You Might Be Thinking…

"Designing for agents will compromise the human experience."

It won't. Good semantic markup is invisible to human visitors when good visual design runs in front of it. A page with clean heading hierarchy, meaningful landmarks, and descriptive link text looks identical to one without any of that, as long as the visual design is doing its job. The semantic layer runs underneath, parallel and unnoticed.

Neglecting it doesn't make your visual design any better. It just leaves the doppelganger's version of your site, the one already being read, summarized, and acted on, undesigned.

"AI is scraping our content without permission. Why would I make it easier?"

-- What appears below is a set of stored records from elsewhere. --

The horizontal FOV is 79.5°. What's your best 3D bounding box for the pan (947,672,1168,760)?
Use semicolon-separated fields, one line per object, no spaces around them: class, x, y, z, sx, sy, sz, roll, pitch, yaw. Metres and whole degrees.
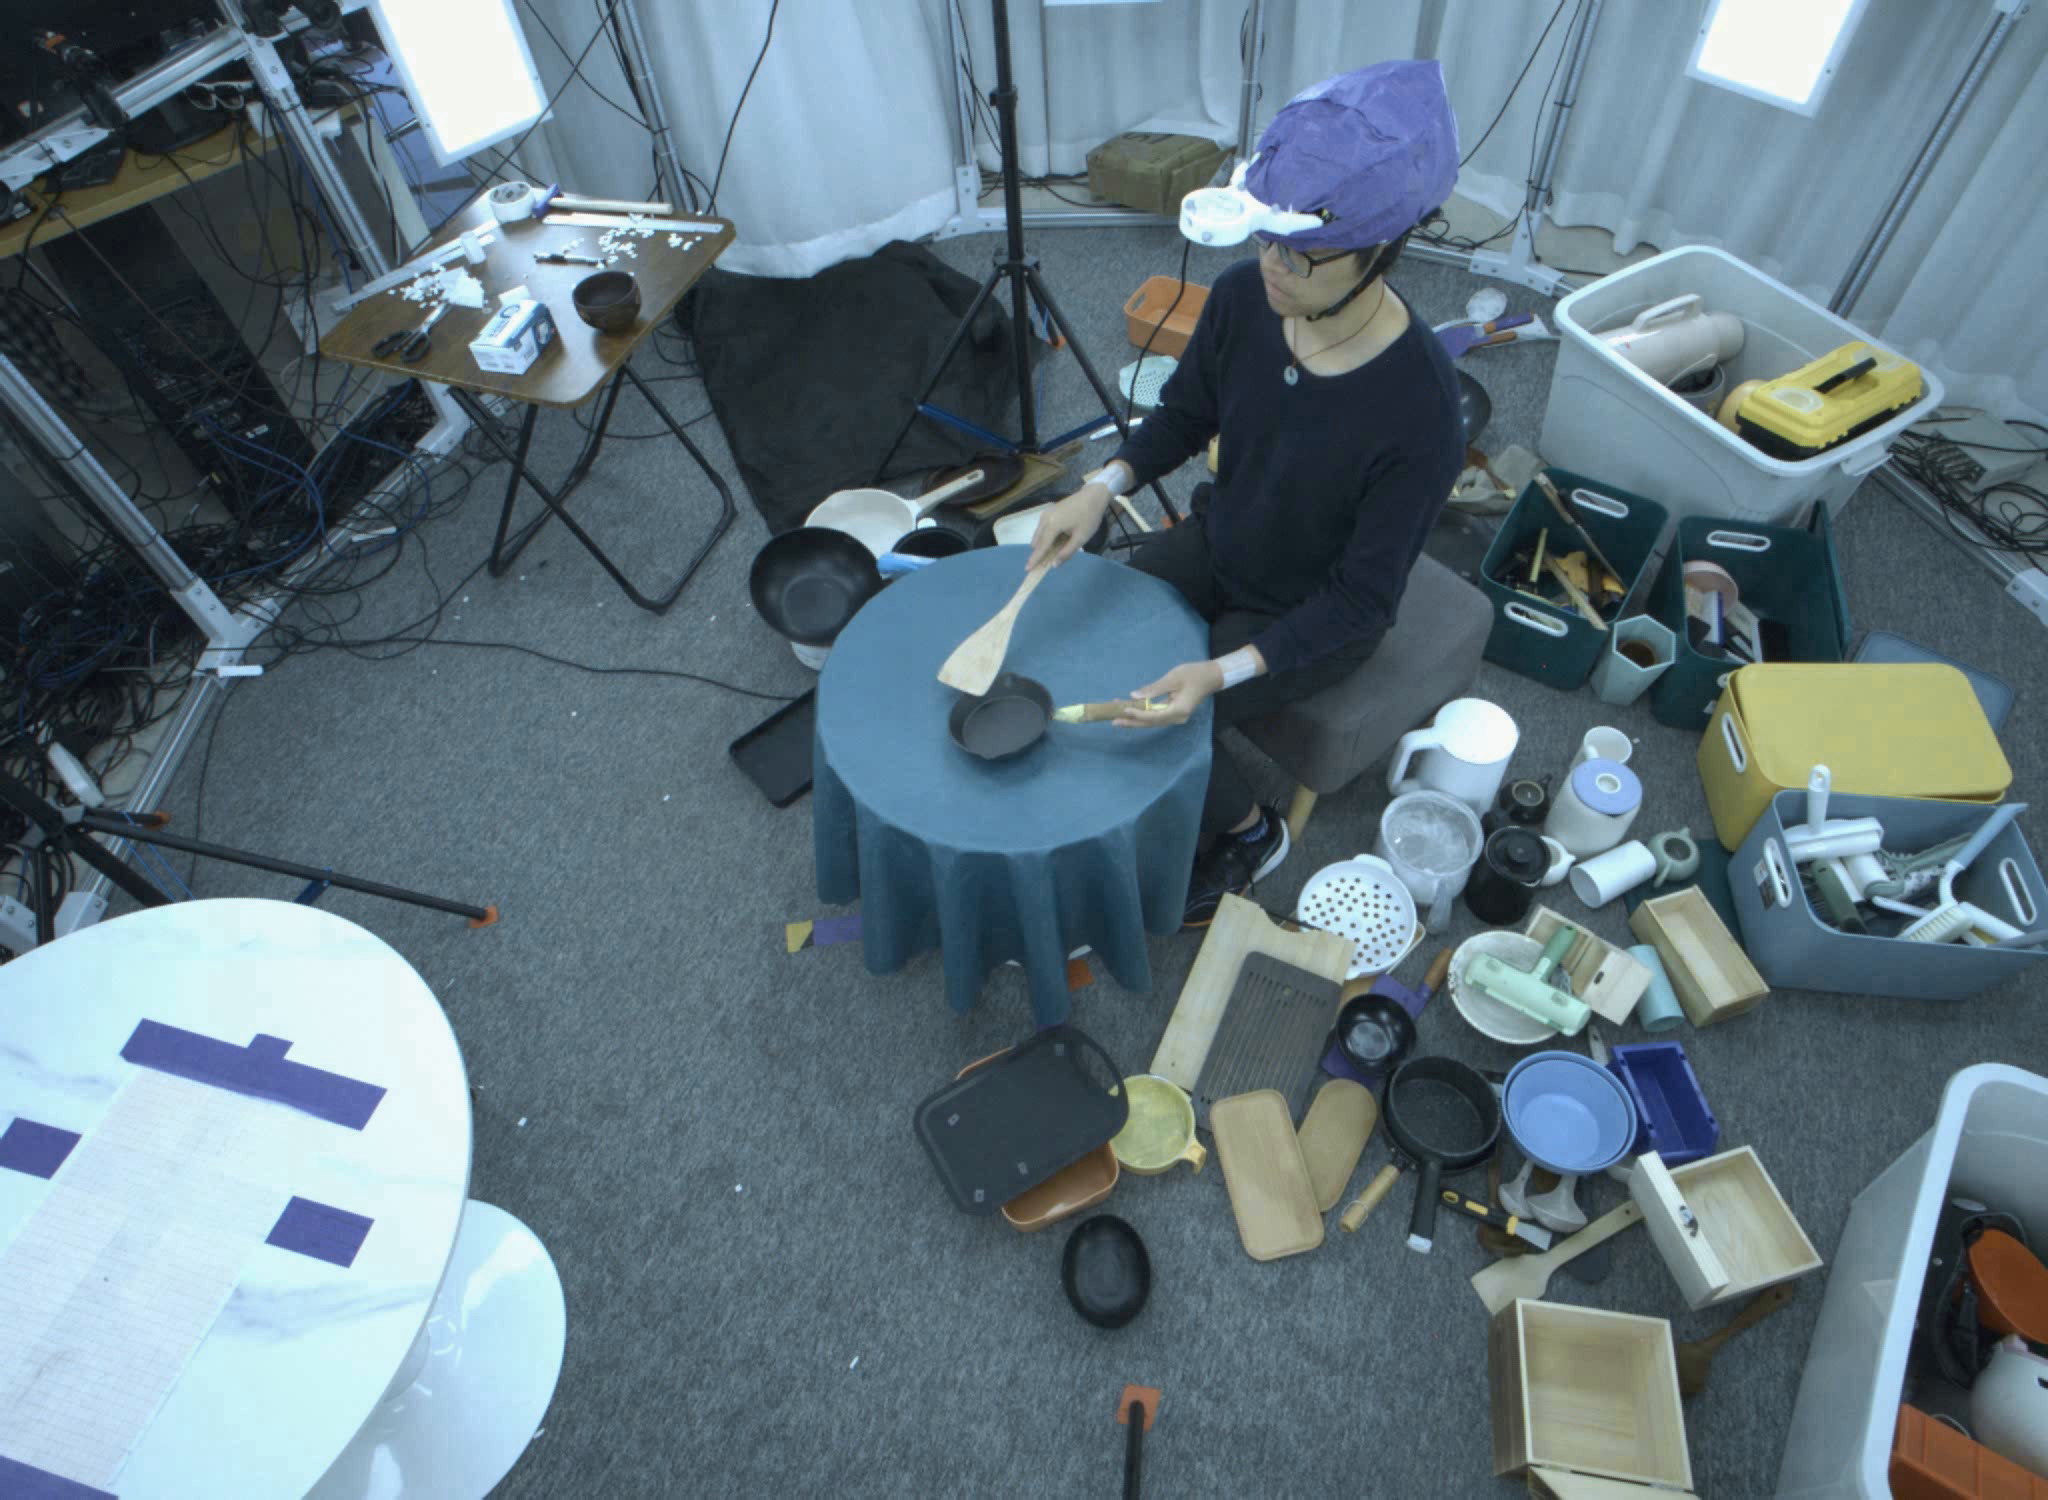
pan;0.047;-0.047;1.760;0.321;0.050;0.168;0;50;15

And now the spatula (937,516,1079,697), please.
spatula;-0.012;-0.220;1.841;0.079;0.016;0.328;32;82;7
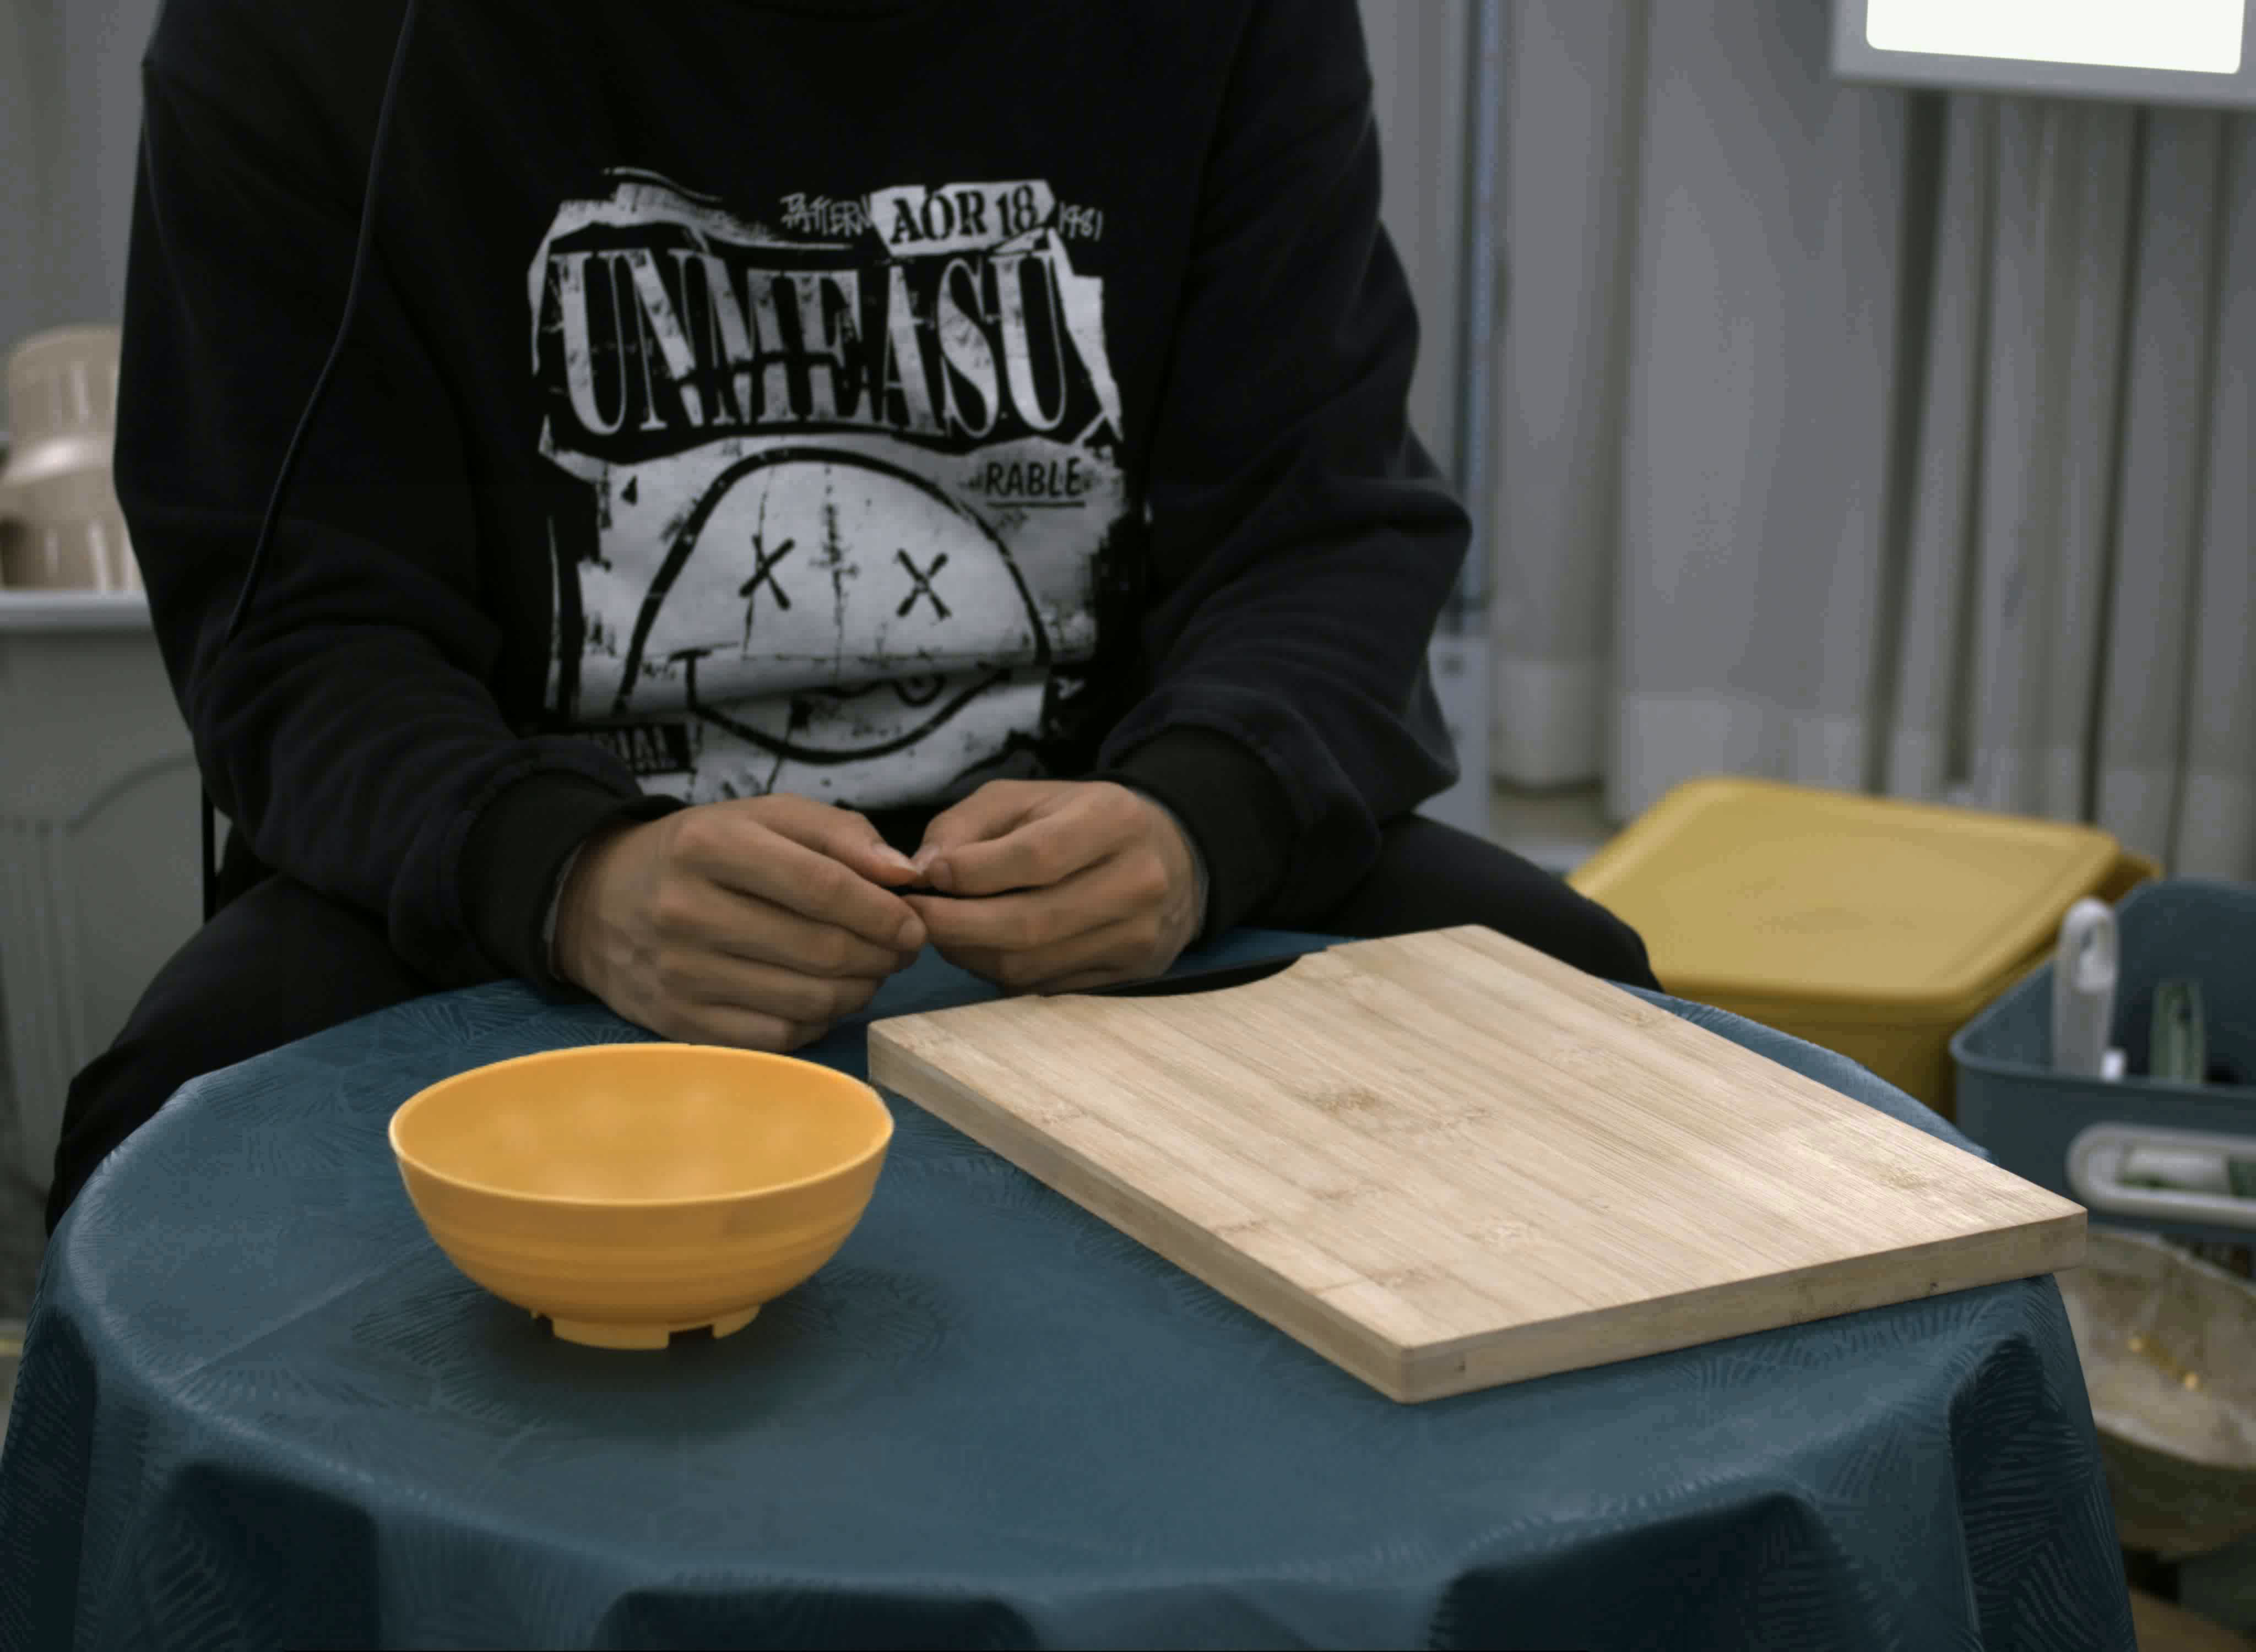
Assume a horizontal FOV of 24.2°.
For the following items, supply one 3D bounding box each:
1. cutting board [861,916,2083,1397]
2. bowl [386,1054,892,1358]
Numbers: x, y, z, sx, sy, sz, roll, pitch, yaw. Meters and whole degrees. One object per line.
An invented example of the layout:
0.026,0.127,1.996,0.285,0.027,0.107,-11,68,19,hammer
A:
0.098,0.097,1.656,0.252,0.024,0.344,-8,18,-29,cutting board
-0.141,0.114,1.513,0.145,0.060,0.144,3,14,0,bowl
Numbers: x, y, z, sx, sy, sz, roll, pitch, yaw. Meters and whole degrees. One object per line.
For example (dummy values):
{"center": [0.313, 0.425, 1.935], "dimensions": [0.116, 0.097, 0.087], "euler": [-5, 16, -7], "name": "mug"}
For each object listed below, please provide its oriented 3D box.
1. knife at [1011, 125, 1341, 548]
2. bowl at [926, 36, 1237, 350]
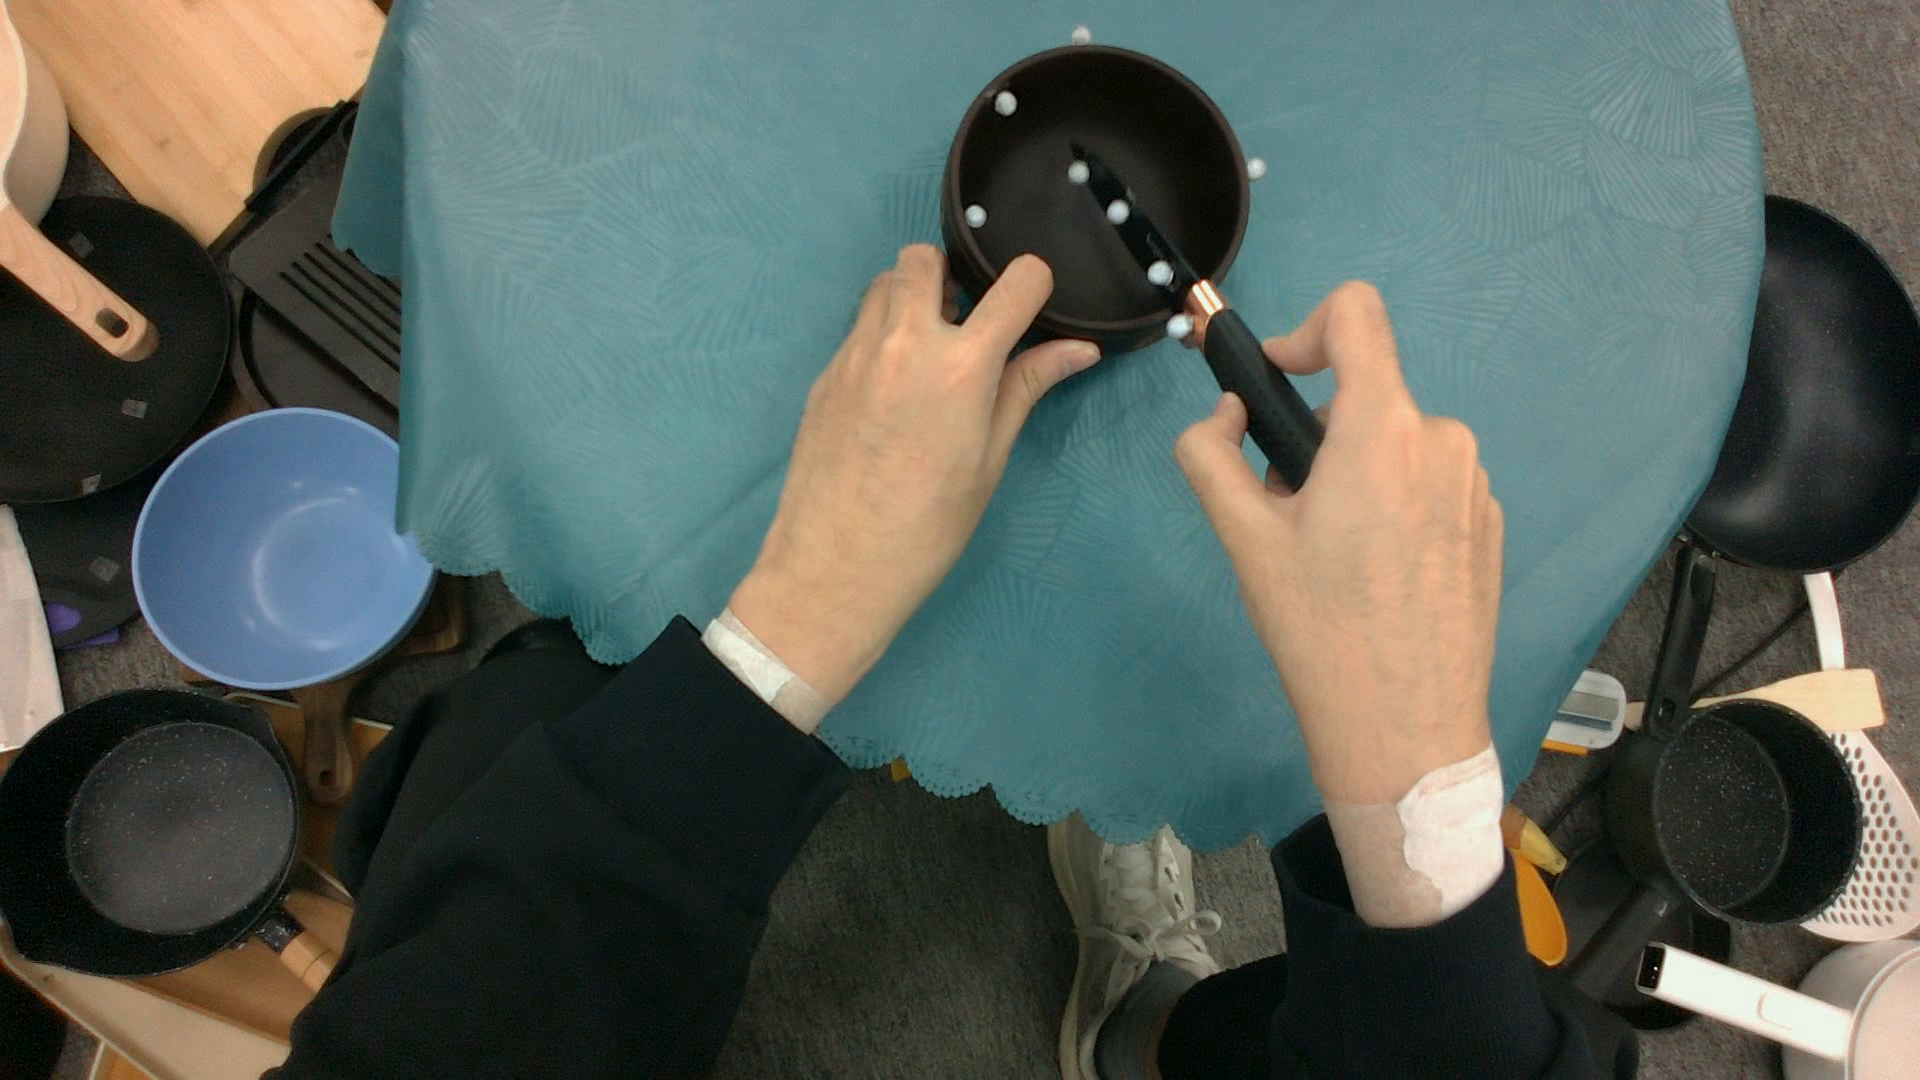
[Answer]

Fair. The copyright and consent questions around AI training are nowhere near settled, and publishers have real grievances. If you've decided to lock agents out, behind an auth wall or through legal means, that's a defensible call.

But locking them out and serving them an undesigned semantic layer are two different things. Bad structure won't stop you from being scraped. It just means that when you are scraped, you get misrepresented. Designing the semantic layer isn't about doing AI any favors. It's about keeping control of how your work gets understood, quoted, and acted on by whatever machine shows up. And the doppelganger is already showing up. So the real question is whether it finds a version of your site you meant, or one you didn't.

"This is extra work for a niche use case."

It isn't extra, and it isn't niche. AI Overviews show up in a large share of Google searches. Tools like ChatGPT and Claude browse the web for users who ask them to research, summarize, and recommend. Agentic systems that navigate sites on their own are moving from experiment to mainstream.

The doppelganger is becoming one of the main ways your content gets encountered, not as a page someone lands on, but as a source something else reads and then speaks, summarizes, or acts on. The audience for the semantic layer isn't shrinking to a niche. It's growing to a scale the web hasn't seen before.

And the work isn't new. Semantic HTML, clean heading hierarchy, meaningful link text, structured data, none of it is a special AI accommodation. It's what well-built code has always looked like.

It Was Always Clean Code…

Designing for the doppelganger isn't a new discipline. It's the one good engineers have practiced all along.

A page with proper heading hierarchy, real landmarks, semantic elements, and descriptive link text isn't optimized for agents. It's just built correctly. The structure that lets a doppelganger understand your page is the same structure that makes your code maintainable, your markup legible, and your intent durable. Clean code is the version of your site that holds up when the visual layer is stripped away.

Conclusion

The visitor is new. The discipline isn't.

Build the page correctly, and you've already designed for the doppelganger, not as extra work, not as an AI accommodation, but as the thing clean code was always meant to be: a site that means what it says, in the markup and not just on the screen.

The doppelganger is this decade's version of a visitor that can't see your design. There will be others. Clean code was the right answer before any of them arrived, and it stays the right answer no matter what shows up next.

Two visitors. Two perspectives. One layer that was always worth building right.